How to run an LLM locally on Linux (2026)

Run a private LLM on Linux in 2026 - the easy path with Ollama, the flexible path with llama.cpp, and the fast path with vLLM, plus GPU requirements.

Updated July 13, 2026

Linux is the natural home for running LLMs, with three tools covering three needs: Ollama for the easiest start, llama.cpp when you want to build and tune it yourself, and vLLM when you need to serve a model fast to many users. This guide covers all three and their GPU requirements. For picking the model, see the best local models by VRAM tier; for the wider case, our run AI locally privacy guide.

The easy path: Ollama

Ollama uses the same one-line install as elsewhere:

curl -fsSL https://ollama.com/install.sh | sh
ollama run gemma4:12b

It detects NVIDIA CUDA automatically; AMD GPUs need a current ROCm v7 driver on Linux, per Ollama’s GPU docs. For most people, Ollama is all they need.

The flexible path: llama.cpp

llama.cpp is the C/C++ inference engine that most of the ecosystem is built on. Building it yourself lets you target your exact hardware. It is CMake-based:

# CPU only
cmake -B build && cmake --build build --config Release

# NVIDIA (CUDA toolkit must be installed)
cmake -B build -DGGML_CUDA=ON && cmake --build build --config Release

For AMD, llama.cpp’s build docs cover a HIP/ROCm build (-DGGML_HIP=ON with your GPU target, for example gfx1030). Its native format is GGUF, with quantization from 1.5-bit up to 8-bit, so you can trade quality for memory precisely.
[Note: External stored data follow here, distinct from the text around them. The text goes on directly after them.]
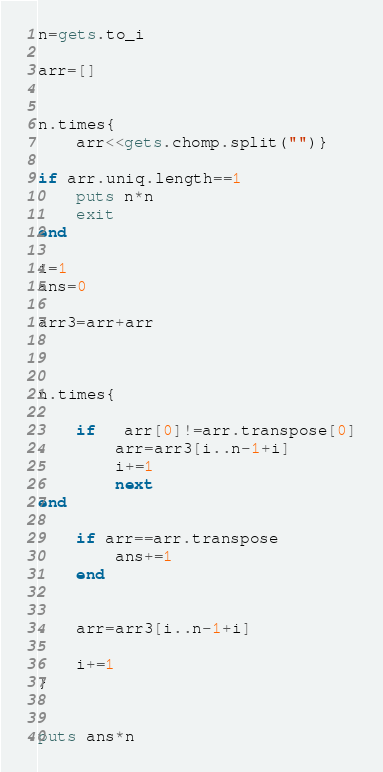<code> <loc_0><loc_0><loc_500><loc_500><_Ruby_>n=gets.to_i
 
arr=[]
 
 
n.times{
    arr<<gets.chomp.split("")}
    
if arr.uniq.length==1
    puts n*n
    exit
end
    
i=1
ans=0
 
arr3=arr+arr
 
 
 
n.times{
    
    if   arr[0]!=arr.transpose[0]
        arr=arr3[i..n-1+i]
        i+=1
        next
end
    
    if arr==arr.transpose
        ans+=1
    end
    
    
    arr=arr3[i..n-1+i]
    
    i+=1
}
    
    
puts ans*n</code> 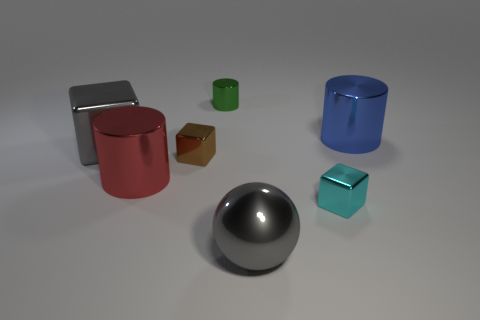Add 3 red metallic objects. How many objects exist? 10 Subtract all cylinders. How many objects are left? 4 Subtract 0 green cubes. How many objects are left? 7 Subtract all green cylinders. Subtract all gray shiny objects. How many objects are left? 4 Add 4 brown metal cubes. How many brown metal cubes are left? 5 Add 4 small yellow spheres. How many small yellow spheres exist? 4

The high-throughput path: vLLM

vLLM is for serving - fast inference to multiple concurrent users, with the full model context. Install it with uv:

uv pip install vllm --torch-backend=auto

Requirements: Python 3.10 to 3.13, and an NVIDIA GPU with compute capability 7.5 or higher (T4, RTX 20-series and newer, A100, L4, H100, and up). The default binaries are built against CUDA 12.9, with Blackwell cards (B200/GB200) needing at least CUDA 12.8. vLLM also has AMD ROCm, Intel XPU, and CPU-only builds. Reach for vLLM only when you are building a service; for a personal setup, Ollama or llama.cpp is simpler.
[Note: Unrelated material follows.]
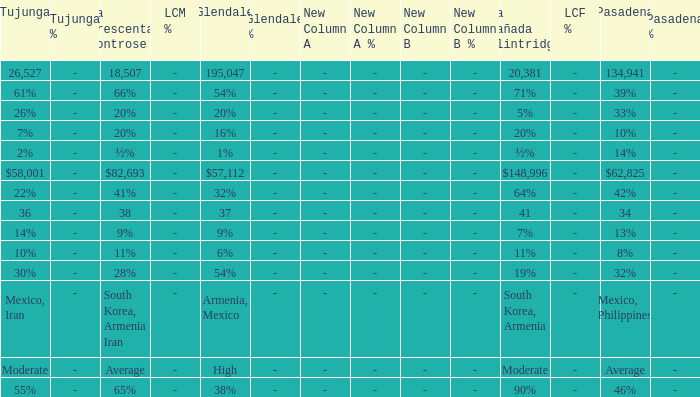What is the proportion of glendale when pasadena is 14%? 1%.

Models for single-GPU Linux serving

  • Qwen3.6-35B-A3B - a mixture-of-experts model (35B total, 3B active) with a very long context window; the 4-bit GGUF is around 22GB for llama.cpp, or serve the full weights via vLLM.
  • Gemma 4 31B (~20GB) - a solid dense single-GPU target with a 256K context.
  • gpt-oss:120b - OpenAI’s larger open-weight model (117B total, ~5B active) that fits a single 80GB data-centre GPU, if you have one.

Quick start

# Easiest: Ollama
ollama pull qwen3.6:27b
ollama run qwen3.6:27b

# Or build llama.cpp with CUDA and run a GGUF model you downloaded

For a web interface on top of Ollama, pair it with Open WebUI. Everything runs on your own hardware - private, free per query, and offline once downloaded.